Une étude écossaise a fait bouger les lignes

Les chiffres rendus publics le 22 février par l’agence sanitaire écossaise (Public Health Scotland) et l’université d’Édimbourg ont sans doute fait bouger la position française. Cette étude, qui compare les données d'hospitalisation de 5,4 millions de personnes (dont 1,4 million de personnes ayant reçu une première injection), "[fournit] une preuve supplémentaire que le vaccin protège contre les formes graves de la Covid-19, en particulier dans les populations plus âgées qui sont les plus à risque".

Dès la deuxième semaine suivant l’injection, les données montrent une chute des hospitalisations. De 47 % de protection la deuxième semaine à 84 % la cinquième, avant d’amorcer un recul pour tourner plutôt autour de 60 % à partir de la sixième semaine et au-delà. Comme le souligne Le Monde, le vaccin AstraZeneca fait même légèrement mieux que le vaccin de Pfizer-BioNTech. L'ajout de la seconde dose ne peut ensuite qu'ajouter en efficacité.

Une étude britannique confirme ces bons chiffres

Une autre étude, menée en conditions réelles au Royaume-Uni chez les plus de 70 ans et publiée lundi, a montré que les vaccins Pfizer et AstraZeneca étaient tous deux, là encore, "hautement efficaces" après une première dose, particulièrement sur les hospitalisations (et donc les formes graves).

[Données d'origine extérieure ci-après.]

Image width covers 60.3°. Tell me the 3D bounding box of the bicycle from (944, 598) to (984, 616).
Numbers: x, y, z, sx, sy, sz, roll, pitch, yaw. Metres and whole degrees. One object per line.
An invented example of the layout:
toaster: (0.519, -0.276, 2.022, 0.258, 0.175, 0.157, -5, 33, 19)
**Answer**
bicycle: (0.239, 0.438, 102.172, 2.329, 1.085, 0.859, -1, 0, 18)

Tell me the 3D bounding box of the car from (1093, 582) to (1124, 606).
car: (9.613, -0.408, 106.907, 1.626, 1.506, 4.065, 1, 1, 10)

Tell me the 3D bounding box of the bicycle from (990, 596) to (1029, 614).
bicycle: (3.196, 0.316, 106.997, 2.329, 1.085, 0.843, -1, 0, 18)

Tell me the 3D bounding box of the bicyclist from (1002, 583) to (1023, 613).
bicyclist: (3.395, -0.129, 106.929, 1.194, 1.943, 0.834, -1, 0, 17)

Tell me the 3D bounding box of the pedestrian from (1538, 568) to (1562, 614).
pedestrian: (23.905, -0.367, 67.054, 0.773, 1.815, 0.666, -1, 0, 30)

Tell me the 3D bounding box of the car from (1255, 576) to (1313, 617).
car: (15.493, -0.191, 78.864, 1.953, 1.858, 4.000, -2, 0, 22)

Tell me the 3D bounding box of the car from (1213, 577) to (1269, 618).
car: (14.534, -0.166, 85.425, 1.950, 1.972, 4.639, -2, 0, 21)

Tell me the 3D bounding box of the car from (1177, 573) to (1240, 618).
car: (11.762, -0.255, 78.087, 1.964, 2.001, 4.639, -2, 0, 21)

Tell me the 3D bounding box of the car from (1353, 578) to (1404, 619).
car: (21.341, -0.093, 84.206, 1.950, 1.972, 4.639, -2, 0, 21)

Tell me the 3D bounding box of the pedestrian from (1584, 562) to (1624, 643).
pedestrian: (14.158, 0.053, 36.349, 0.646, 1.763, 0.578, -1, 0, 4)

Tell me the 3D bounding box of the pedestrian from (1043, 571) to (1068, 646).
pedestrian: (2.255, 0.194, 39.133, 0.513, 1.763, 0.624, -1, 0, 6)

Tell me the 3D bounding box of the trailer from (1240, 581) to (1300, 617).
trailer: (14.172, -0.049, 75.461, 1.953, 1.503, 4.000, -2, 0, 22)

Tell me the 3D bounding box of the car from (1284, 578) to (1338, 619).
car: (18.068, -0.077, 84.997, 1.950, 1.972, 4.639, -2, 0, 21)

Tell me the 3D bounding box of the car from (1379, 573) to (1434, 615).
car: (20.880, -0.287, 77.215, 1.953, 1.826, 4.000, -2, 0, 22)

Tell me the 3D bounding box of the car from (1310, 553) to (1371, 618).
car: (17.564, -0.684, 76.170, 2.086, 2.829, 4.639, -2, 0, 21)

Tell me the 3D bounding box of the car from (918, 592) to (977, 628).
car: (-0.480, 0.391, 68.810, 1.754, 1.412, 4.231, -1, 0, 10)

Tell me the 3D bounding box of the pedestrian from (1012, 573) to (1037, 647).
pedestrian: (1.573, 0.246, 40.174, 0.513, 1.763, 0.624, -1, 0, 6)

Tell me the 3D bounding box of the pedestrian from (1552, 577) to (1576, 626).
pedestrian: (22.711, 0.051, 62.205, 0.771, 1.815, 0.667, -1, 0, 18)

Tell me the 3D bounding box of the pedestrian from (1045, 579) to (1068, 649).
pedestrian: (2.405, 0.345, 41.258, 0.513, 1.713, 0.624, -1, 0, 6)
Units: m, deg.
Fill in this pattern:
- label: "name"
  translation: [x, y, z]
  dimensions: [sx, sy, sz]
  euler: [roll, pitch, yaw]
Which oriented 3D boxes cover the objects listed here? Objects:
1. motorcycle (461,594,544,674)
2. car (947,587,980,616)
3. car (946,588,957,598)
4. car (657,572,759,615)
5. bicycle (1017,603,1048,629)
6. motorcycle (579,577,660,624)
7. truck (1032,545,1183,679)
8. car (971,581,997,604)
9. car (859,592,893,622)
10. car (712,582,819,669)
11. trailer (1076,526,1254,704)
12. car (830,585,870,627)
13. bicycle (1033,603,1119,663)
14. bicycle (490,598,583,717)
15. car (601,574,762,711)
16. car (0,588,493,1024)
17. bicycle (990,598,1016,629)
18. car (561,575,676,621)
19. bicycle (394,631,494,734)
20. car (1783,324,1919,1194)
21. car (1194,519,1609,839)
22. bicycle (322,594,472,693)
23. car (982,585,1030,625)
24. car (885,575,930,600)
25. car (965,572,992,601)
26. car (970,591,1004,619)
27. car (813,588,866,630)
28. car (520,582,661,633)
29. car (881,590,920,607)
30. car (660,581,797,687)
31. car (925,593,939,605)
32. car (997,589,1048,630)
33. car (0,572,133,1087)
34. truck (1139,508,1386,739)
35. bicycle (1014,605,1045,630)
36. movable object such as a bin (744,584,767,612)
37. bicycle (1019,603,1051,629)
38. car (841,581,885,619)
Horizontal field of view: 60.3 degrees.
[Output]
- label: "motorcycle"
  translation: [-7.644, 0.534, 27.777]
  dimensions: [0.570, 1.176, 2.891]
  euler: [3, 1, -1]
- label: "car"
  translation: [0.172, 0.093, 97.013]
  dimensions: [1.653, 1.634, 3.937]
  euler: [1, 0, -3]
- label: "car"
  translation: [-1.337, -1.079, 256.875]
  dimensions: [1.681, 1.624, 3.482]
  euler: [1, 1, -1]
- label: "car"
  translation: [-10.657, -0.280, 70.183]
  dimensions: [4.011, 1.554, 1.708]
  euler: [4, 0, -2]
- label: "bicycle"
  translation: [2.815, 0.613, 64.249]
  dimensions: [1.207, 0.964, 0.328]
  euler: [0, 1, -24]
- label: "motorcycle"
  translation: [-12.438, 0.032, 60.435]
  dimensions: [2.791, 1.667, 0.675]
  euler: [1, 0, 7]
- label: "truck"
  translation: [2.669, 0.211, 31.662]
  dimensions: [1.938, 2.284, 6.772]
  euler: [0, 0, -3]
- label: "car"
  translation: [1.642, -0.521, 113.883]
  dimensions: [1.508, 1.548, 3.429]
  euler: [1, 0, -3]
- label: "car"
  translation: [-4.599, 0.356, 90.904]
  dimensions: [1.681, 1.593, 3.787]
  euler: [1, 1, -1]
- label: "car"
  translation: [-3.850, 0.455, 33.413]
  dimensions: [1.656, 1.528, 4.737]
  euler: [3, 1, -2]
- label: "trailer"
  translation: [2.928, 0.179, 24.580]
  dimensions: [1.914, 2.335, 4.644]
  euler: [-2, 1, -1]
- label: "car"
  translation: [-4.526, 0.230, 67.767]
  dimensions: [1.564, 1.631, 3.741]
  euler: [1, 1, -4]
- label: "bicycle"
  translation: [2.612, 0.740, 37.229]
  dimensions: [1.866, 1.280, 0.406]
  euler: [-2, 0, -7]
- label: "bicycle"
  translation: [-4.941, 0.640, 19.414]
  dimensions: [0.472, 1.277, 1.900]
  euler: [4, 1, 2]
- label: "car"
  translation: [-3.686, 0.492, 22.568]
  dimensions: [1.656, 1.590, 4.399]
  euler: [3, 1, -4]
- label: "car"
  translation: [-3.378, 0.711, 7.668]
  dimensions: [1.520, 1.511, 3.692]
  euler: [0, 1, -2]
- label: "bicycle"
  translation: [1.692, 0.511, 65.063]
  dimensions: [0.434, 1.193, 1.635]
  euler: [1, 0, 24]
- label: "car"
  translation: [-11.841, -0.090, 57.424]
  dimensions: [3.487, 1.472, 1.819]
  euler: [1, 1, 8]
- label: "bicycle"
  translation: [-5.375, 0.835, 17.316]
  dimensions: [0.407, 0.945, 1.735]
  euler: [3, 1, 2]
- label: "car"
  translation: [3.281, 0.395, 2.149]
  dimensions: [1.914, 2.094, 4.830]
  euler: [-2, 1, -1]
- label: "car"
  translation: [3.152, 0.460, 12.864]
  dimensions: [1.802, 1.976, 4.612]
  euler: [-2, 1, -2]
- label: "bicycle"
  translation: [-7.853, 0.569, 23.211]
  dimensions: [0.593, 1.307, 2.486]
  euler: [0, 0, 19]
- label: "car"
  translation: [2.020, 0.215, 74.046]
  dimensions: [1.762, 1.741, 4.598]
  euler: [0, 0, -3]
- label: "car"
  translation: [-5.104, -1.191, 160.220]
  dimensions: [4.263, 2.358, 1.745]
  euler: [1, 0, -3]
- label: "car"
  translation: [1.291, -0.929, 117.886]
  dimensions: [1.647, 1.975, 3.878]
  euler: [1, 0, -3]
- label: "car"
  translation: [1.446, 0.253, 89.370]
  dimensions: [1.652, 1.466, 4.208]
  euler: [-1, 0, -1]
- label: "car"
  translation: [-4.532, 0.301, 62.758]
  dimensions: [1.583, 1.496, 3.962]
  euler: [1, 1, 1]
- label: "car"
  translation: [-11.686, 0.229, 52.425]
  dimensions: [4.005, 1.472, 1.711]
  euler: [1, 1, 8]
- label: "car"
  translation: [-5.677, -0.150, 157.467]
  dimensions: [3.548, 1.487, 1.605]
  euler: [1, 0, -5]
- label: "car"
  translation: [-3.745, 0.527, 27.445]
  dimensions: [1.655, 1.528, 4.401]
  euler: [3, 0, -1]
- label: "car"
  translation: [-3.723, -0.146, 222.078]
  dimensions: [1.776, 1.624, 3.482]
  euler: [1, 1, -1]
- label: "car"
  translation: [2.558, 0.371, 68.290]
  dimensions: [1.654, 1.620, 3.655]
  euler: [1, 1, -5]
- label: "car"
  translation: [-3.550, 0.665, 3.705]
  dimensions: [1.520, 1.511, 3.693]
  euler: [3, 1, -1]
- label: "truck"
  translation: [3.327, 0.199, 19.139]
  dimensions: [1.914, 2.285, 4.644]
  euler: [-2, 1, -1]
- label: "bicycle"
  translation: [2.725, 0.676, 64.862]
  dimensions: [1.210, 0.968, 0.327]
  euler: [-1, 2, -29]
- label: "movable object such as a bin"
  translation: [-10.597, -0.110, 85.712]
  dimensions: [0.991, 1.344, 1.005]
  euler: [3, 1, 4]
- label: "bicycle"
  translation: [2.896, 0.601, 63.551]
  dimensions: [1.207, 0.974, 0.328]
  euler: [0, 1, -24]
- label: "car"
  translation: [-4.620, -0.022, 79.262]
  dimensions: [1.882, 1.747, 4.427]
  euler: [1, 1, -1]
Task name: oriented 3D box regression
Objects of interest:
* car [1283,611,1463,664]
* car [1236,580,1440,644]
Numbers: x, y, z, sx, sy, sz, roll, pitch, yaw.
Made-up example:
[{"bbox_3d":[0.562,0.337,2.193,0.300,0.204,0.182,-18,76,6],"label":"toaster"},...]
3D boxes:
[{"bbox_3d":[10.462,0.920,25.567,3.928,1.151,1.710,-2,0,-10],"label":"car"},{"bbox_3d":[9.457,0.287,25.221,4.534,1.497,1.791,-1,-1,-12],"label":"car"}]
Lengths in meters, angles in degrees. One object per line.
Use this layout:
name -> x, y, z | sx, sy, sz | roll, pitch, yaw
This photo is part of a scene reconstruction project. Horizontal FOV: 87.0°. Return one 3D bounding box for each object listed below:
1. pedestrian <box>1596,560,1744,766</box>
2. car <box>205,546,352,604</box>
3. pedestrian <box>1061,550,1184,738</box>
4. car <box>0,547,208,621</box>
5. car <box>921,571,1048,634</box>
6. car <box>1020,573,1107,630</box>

Une "bonne nouvelle", saluée par le ministre ministre britannique de la Santé.

Cette étude de l'organisme Public Health England (PHE), qui n'a pas encore été évaluée par un comité de lecture, conclut elle que ces deux vaccins présentent une efficacité de plus de 80% pour prévenir les hospitalisations chez les plus de 80 ans, trois à quatre semaines après la première injection. Chez les plus de 70 ans, la protection contre les formes symptomatiques de la maladie quatre semaines après une première dose se situe entre 60 et 73% pour le vaccin Oxford-AstraZeneca.